“冷月,”凌尘低声问,“我晕过去的时候,心口这玩意儿有啥动静没?”
冷月看了他一眼,眼神复杂:“它一直在试图吸收周围的星辰之力,尤其是大地深处的地脉之气。非常狂暴,我用了三颗‘凝星丹’才勉强帮你压住。凌尘,你体内的力量正在失控的边缘,下次再这样,后果不堪设想。”她拍了拍怀里的玉盒,“连带着这封印里的星髓,都差点被引动。”

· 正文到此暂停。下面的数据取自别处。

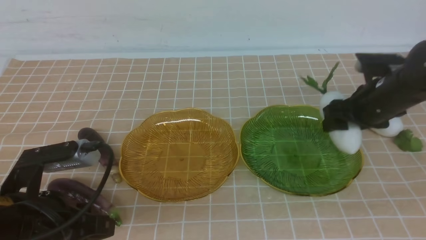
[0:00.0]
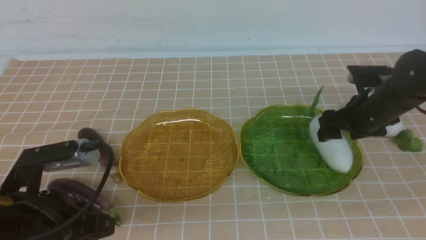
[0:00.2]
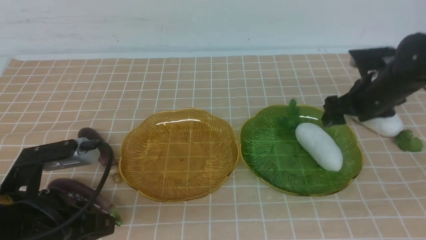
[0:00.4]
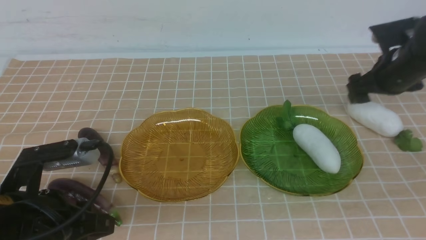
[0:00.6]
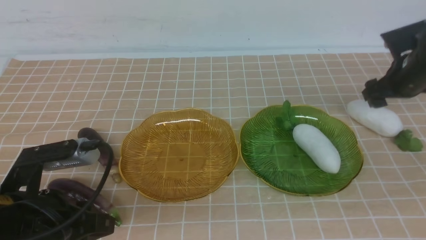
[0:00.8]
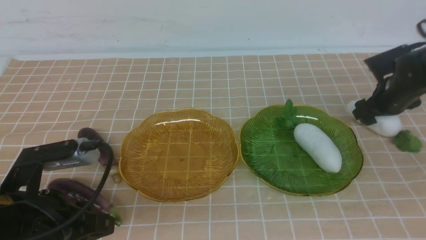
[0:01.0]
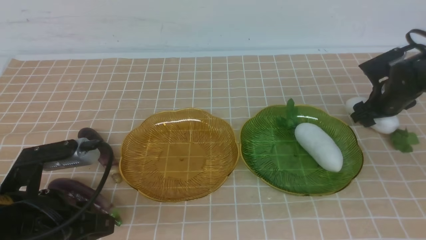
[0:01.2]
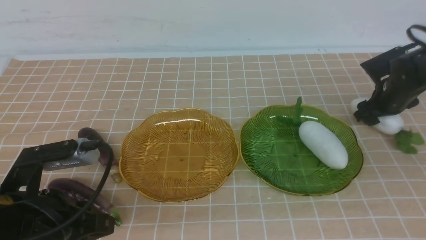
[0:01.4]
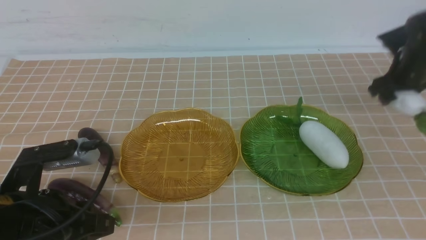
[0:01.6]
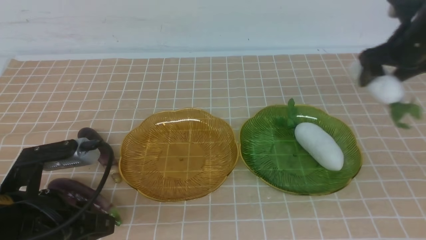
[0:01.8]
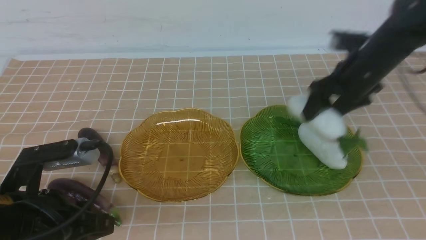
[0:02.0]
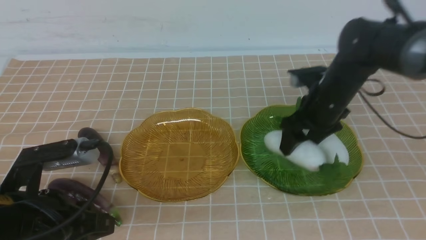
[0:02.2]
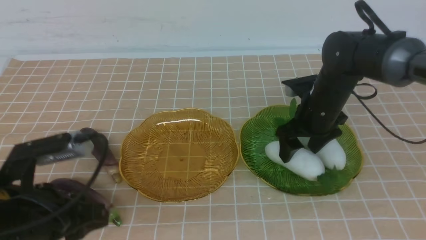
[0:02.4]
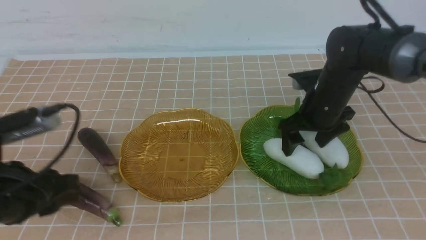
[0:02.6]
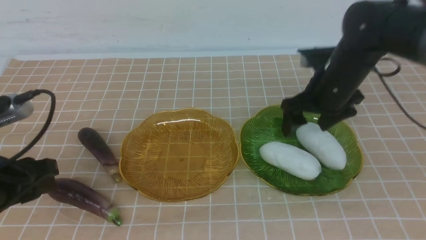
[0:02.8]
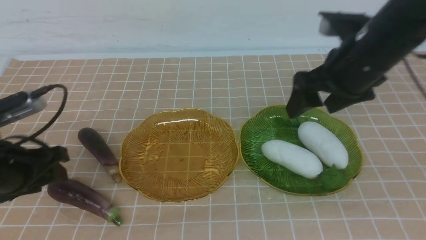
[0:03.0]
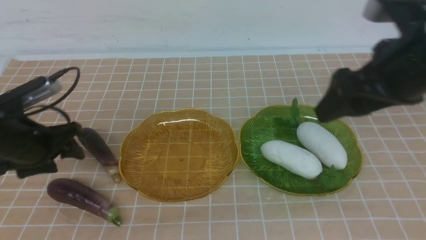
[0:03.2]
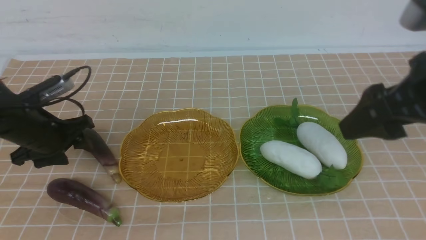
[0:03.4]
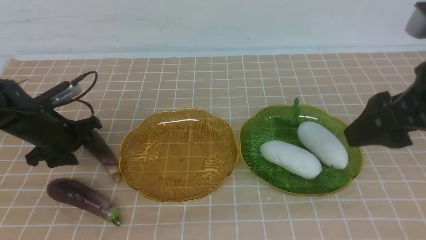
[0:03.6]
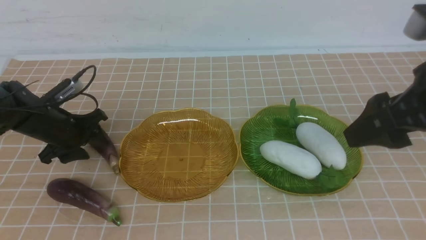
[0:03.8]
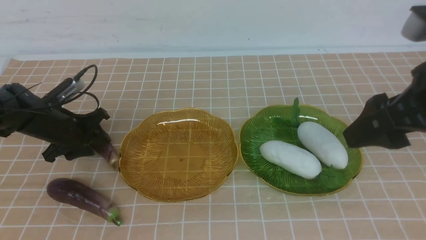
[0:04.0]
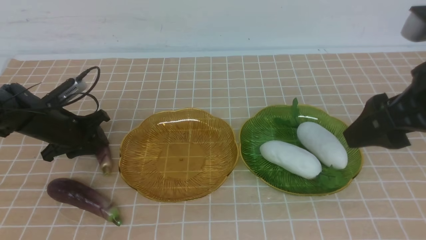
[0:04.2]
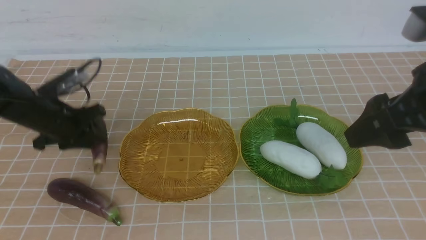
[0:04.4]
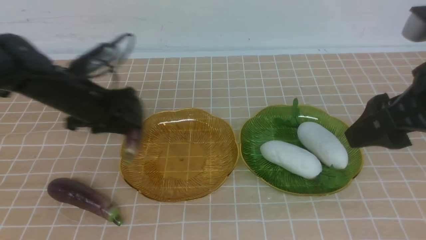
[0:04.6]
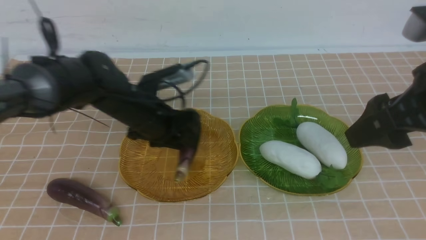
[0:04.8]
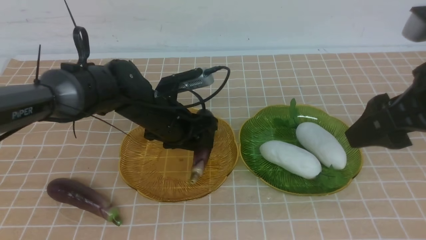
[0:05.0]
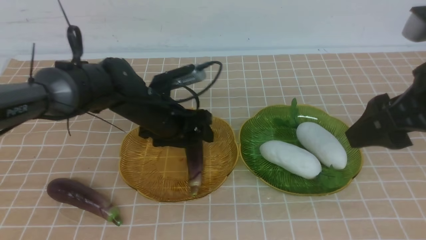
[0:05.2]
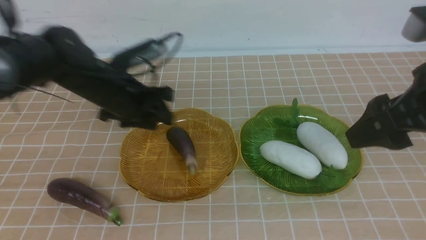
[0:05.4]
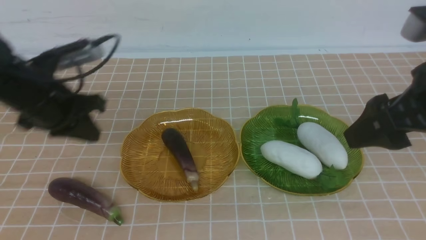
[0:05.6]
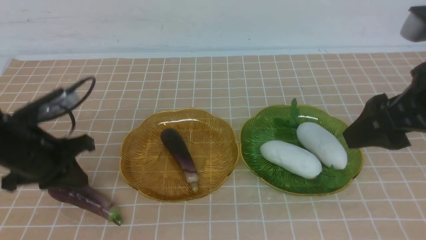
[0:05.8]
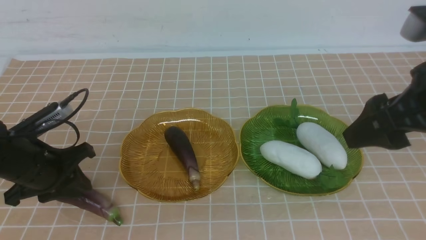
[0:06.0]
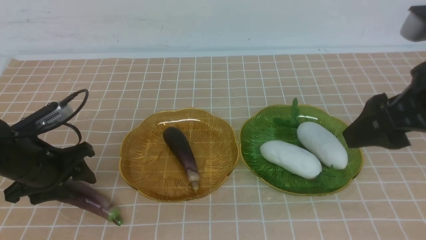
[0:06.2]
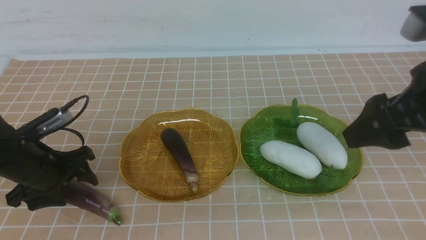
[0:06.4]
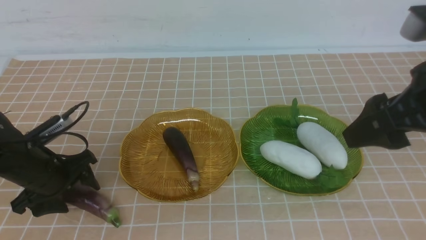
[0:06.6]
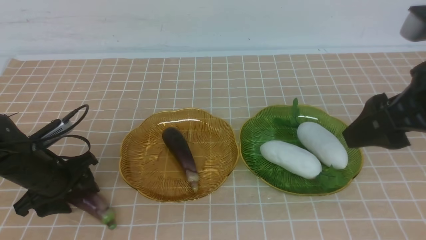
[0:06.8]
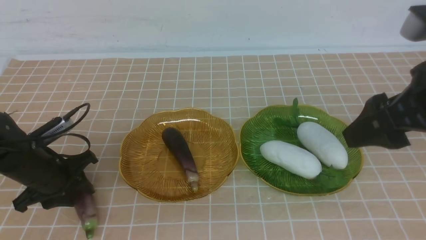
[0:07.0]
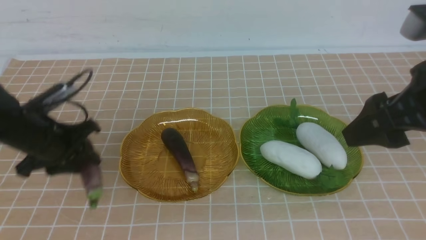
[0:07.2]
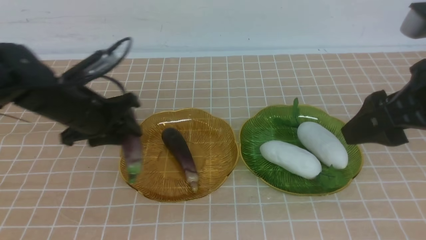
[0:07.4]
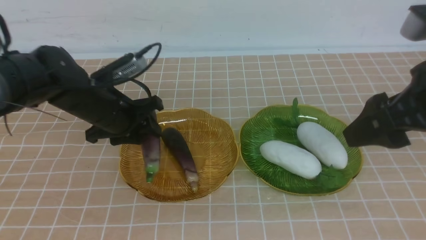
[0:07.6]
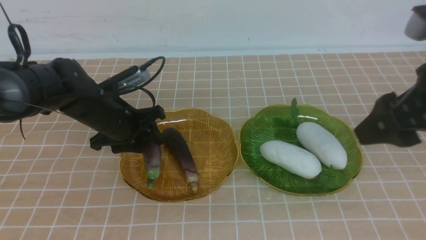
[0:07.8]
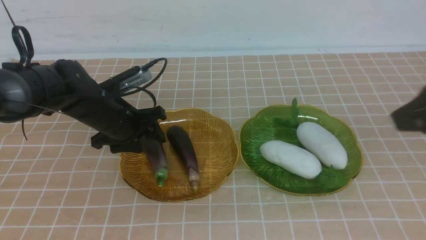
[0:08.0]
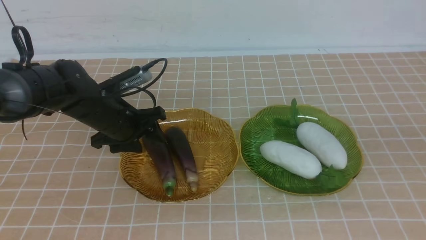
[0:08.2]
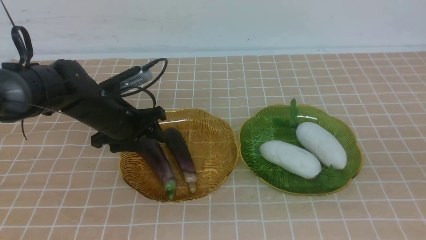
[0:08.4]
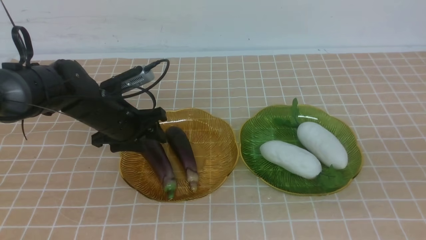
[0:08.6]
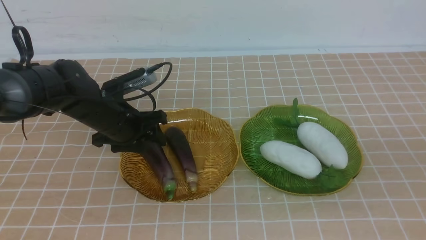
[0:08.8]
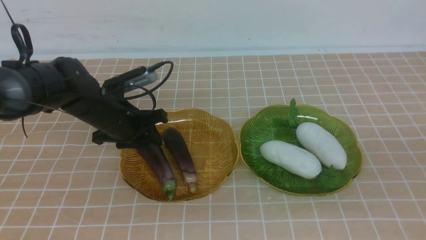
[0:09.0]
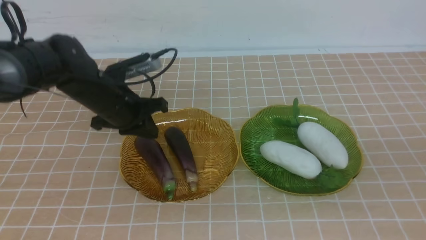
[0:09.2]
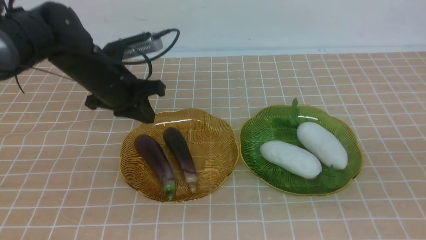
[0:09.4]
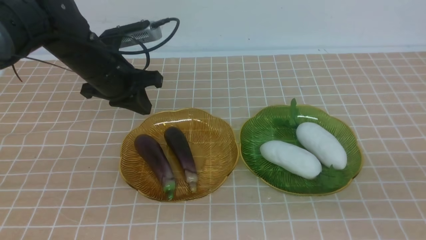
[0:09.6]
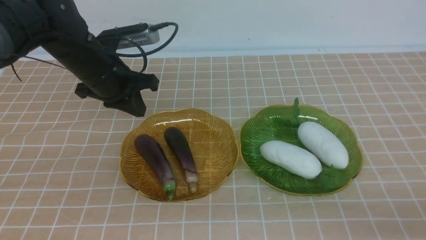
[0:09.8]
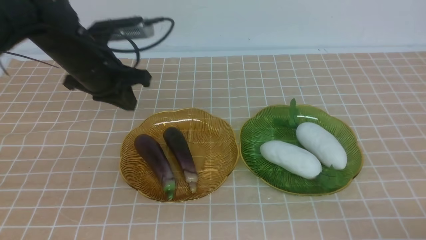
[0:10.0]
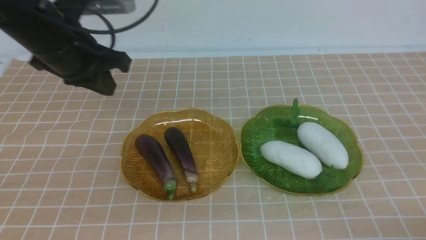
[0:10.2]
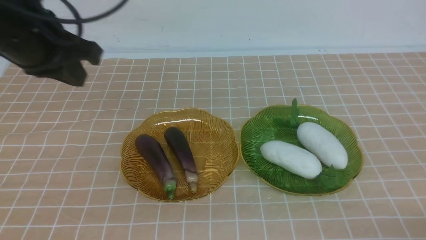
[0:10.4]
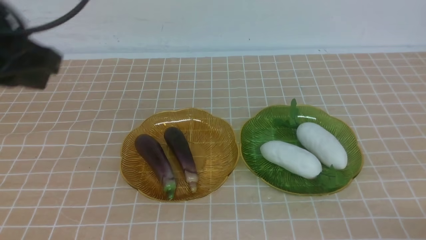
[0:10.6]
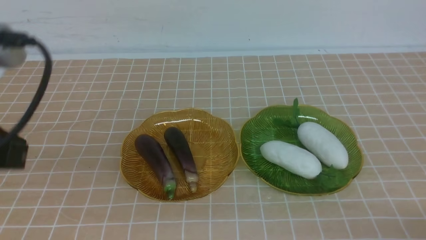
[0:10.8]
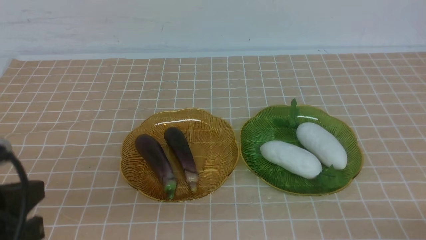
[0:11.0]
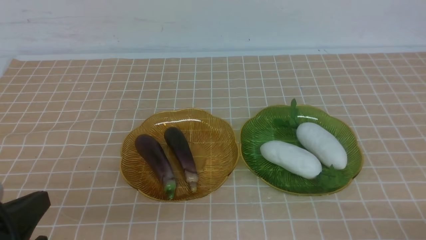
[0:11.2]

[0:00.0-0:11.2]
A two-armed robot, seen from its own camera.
Step, 0:00.0 to 0:02.6: use the right arm to grab a radish and put it into the right plate.
Step, 0:02.8 to 0:09.4: use the left arm to grab an eggplant and put it into the left plate.
0:00.0 to 0:01.6: The right gripper shifts about 10 cm forward and to the right.
0:01.6 to 0:03.2: The left gripper travels forward and to the left by approximately 20 cm, and opens; the right gripper is displaced backward, upward and to the left by roughly 30 cm.
0:03.2 to 0:04.8: The left gripper is displaced to the right by about 15 cm, and closes, then reopens.
0:04.8 to 0:06.4: The left gripper shifts some 20 cm to the left and backward, and closes, then reopens.
0:06.4 to 0:08.0: The right gripper closes its fingers. The left gripper heads to the right and forward, covering about 15 cm.
0:08.0 to 0:09.6: The right gripper shifts approximately 15 cm backward, downward and to the right, and closes its fingers. Meanwhile the left gripper goes about 5 cm upward, and closes up.
0:09.6 to 0:11.2: The left gripper shifts about 30 cm backward; the right gripper travels downward by some 10 cm.

凌尘心里发毛,不敢再问。这玩意儿,真他娘的是个定时炸弹。
又急行军了大半天,天色渐渐暗沉下来。北境的风,带着一股子铁锈和硝烟混合的刺鼻味道,刮在脸上像刀子。远处的地平线上,终于出现了一道模糊的、巨大的、如同匍匐巨兽般的黑色轮廓。
“落鹰关!是落鹰关!”前头的斥候激动地喊了起来,声音在风中有些变调。
整个疲惫不堪的队伍瞬间精神一振!落鹰关!终于到了!到了关里,就有城墙可守,就有补给,就有喘息的机会!

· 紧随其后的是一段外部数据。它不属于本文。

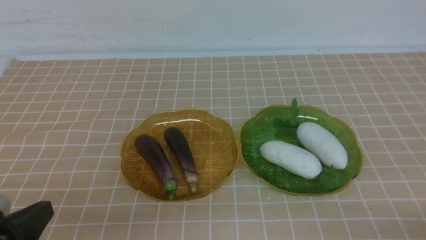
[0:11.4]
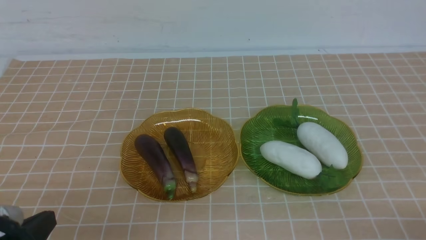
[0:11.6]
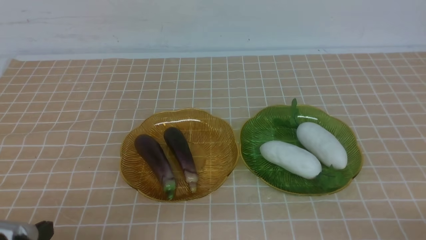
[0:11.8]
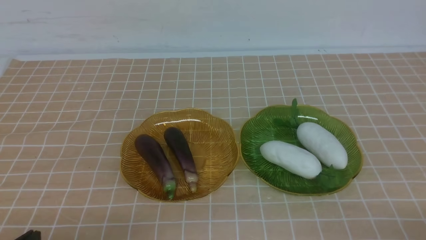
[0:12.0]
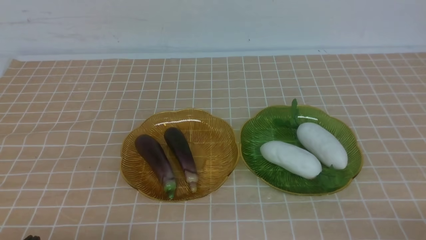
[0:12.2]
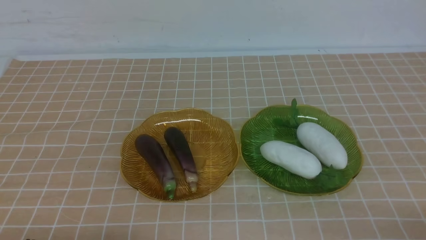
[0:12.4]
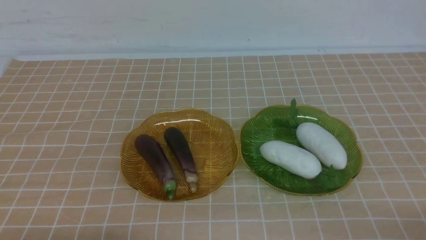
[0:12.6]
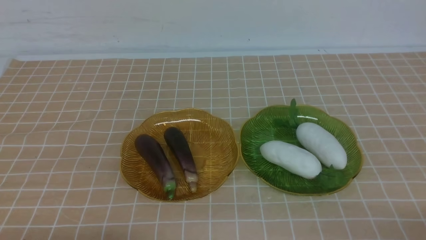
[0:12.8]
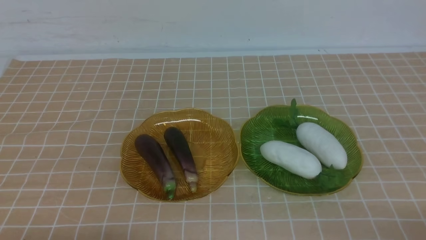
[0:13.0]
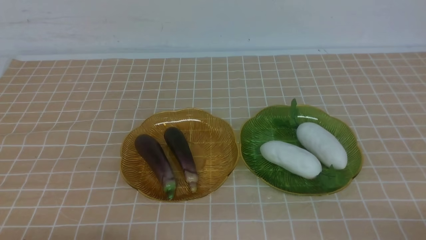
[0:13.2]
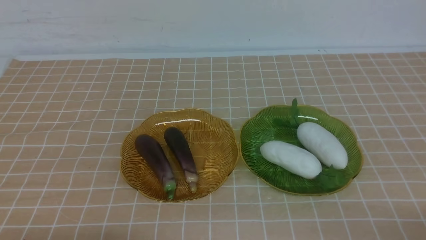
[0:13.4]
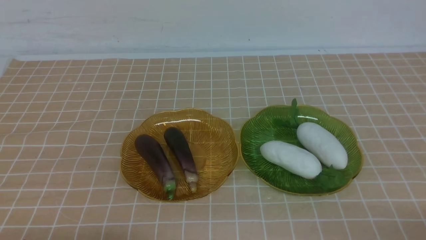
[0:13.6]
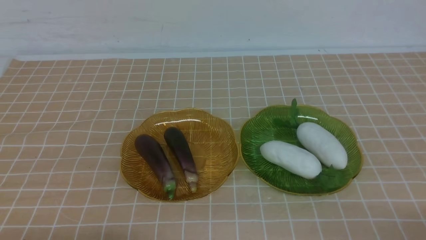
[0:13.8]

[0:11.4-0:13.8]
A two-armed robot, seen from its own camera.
0:11.4 to 0:12.6: The left gripper shifts about 5 cm downward.
0:12.6 to 0:13.8: Both grippers stay about where they are.

楚冰云猛地一夹马腹,冲到队伍最前方,举起单筒的“千里镜”向关城望去。凌尘也挣扎着想坐起来看看,被冷月按住了。
“别动!”
楚冰云举着镜筒的手,突然僵住了。他脸上的肌肉在微微抽搐,原本因为看到关隘而燃起的一丝希望之光,瞬间被一种极致的惊骇和冰冷的愤怒所取代!他握着镜筒的手指因为用力而发白,指关节发出“咔咔”的轻响。
“少将军?怎么了?”旁边的副将察觉不对,紧张地问道。
楚冰云没有回答,只是缓缓放下了千里镜。他的脸色,在昏暗的天光下,呈现出一种可怕的死灰色。他猛地一勒缰绳,战马人立而起,发出一声不安的嘶鸣。
“全军止步!”楚冰云的声音,像是从牙缝里挤出来,冰冷刺骨,带着一种压抑到极点的、即将爆发的狂怒。